Georgia's legislature overrides presidential veto of contested bill
Demonstrators protesting the "foreign influence" law crowd outside the parliament building in central Tbilisi, May 28, 2024. (AFP Photo)


The parliament of Georgia voted to reverse the presidential veto of the foreign agent legislation, which sparked a crisis and weekslong protests in the country.

Tuesday's vote to ignore the objections of Georgian President Salome Zourabichvili, whose powers are mostly ceremonial, sets the stage for the speaker of parliament to sign the bill into law in the coming days.

The dispute about the newly-minted law has come to be seen as a key test of whether Georgia, for three decades among the most pro-Western of the Soviet Union's successor states, would maintain its Western orientation, or pivot instead to Russia.

The bill would require organizations receiving more than 20% of their funding from overseas to register as "agents of foreign influence", while also introducing punitive fines for violations, as well as onerous disclosure requirements.

Opponents of the bill have for more than a month mounted some of the largest protests Georgia has seen since independence from Moscow in 1991 as the Soviet Union crumbled.

The U.S., Britain and the European Union have all criticized the bill, which Georgian opposition groups have dubbed "the Russian law," saying it is modeled on Russian legislation used to target opponents of Vladimir Putin's Kremlin.

Russia is unpopular among many Georgians for its support of the breakaway regions of Abkhazia and South Ossetia, with public opinion broadly supportive of membership in the EU and NATO.

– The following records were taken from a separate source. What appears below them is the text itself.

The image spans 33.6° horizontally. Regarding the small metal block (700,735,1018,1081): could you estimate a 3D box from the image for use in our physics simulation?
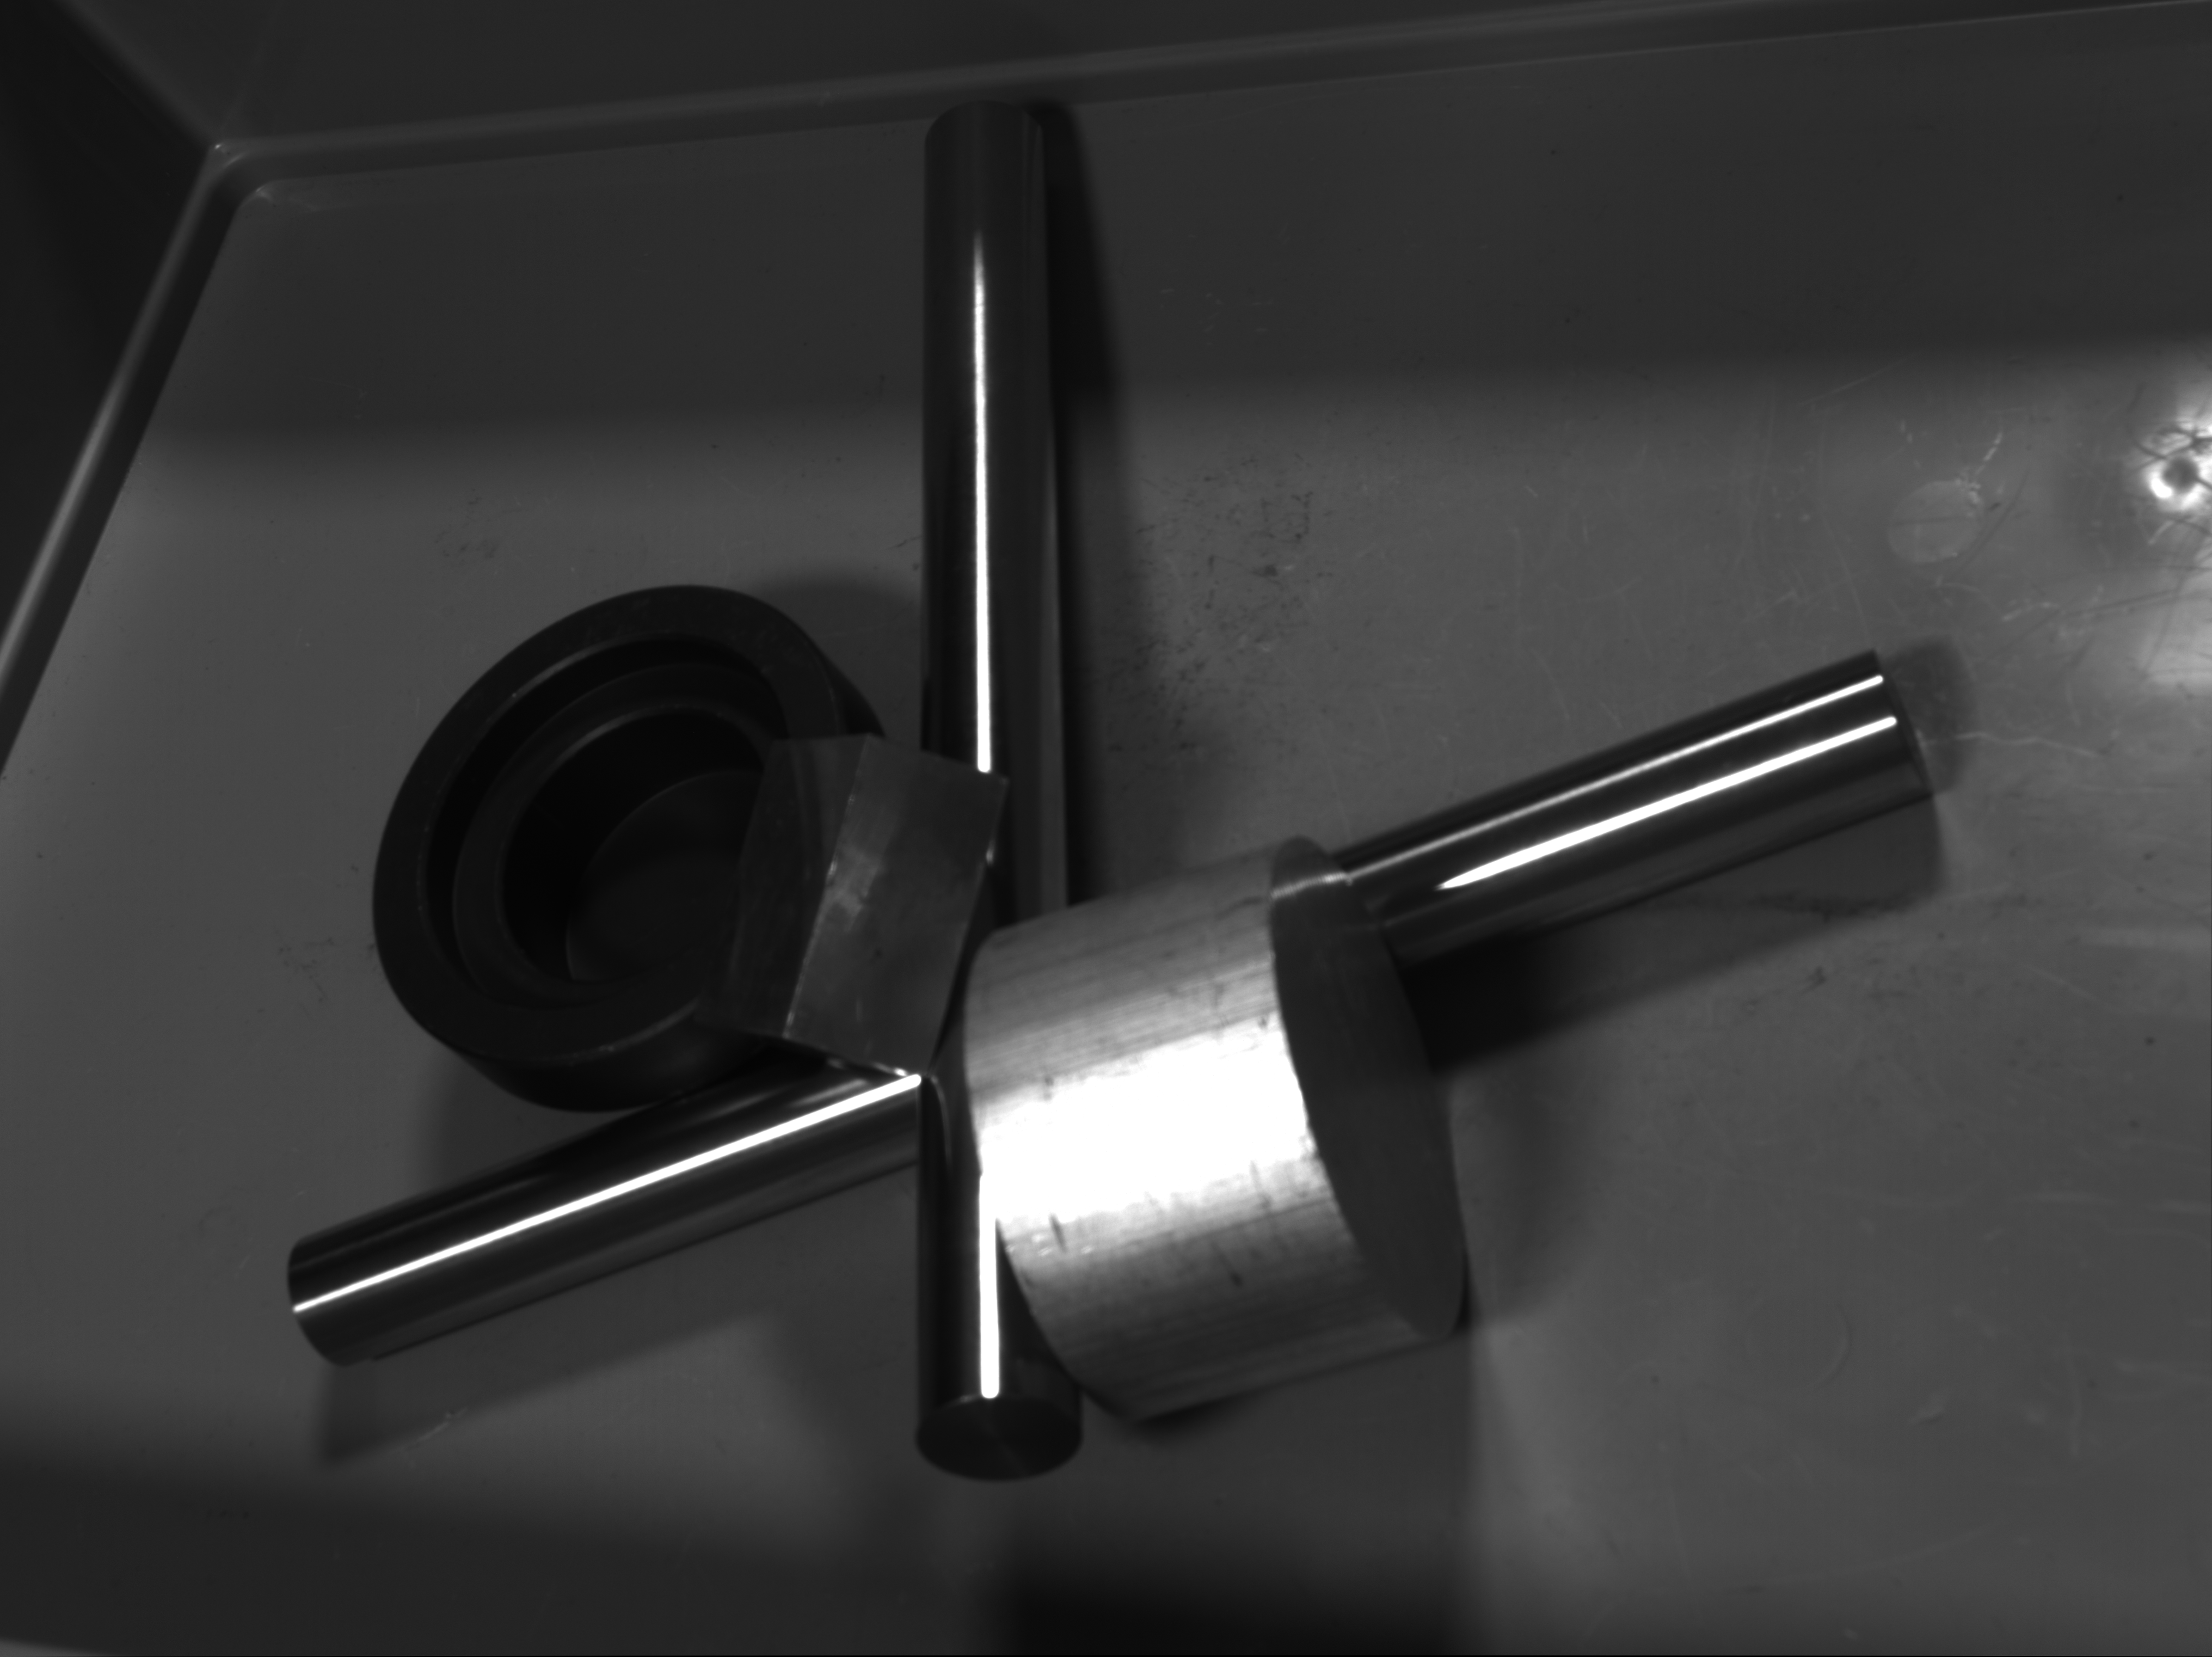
[{"bbox_3d":[-0.041,0.013,0.605,0.050,0.025,0.050,1,75,67],"label":"small metal block"}]

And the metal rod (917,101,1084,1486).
[{"bbox_3d":[-0.020,-0.023,0.644,0.025,0.025,0.300,-18,47,18],"label":"metal rod"}]

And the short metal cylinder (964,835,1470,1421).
[{"bbox_3d":[0.018,0.047,0.569,0.050,0.080,0.080,-18,54,18],"label":"short metal cylinder"}]

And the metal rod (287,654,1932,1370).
[{"bbox_3d":[-0.007,0.035,0.625,0.300,0.025,0.025,-21,54,16],"label":"metal rod"}]

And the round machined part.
[{"bbox_3d":[-0.081,0.008,0.672,0.098,0.042,0.098,-13,56,21],"label":"round machined part"}]

The United States has threatened to sanction Georgian officials who vote for the bill, a major turnaround in U.S. policy toward what had been among the most pro-Western countries to emerge from the Soviet Union.

The Georgian government has accused Western countries of blackmail over their opposition to the bill, and said that it is necessary in order to stop them from dragging Georgia into a war with Russia.

Russia denies any role in backing the bill, which it has defended from Western criticism.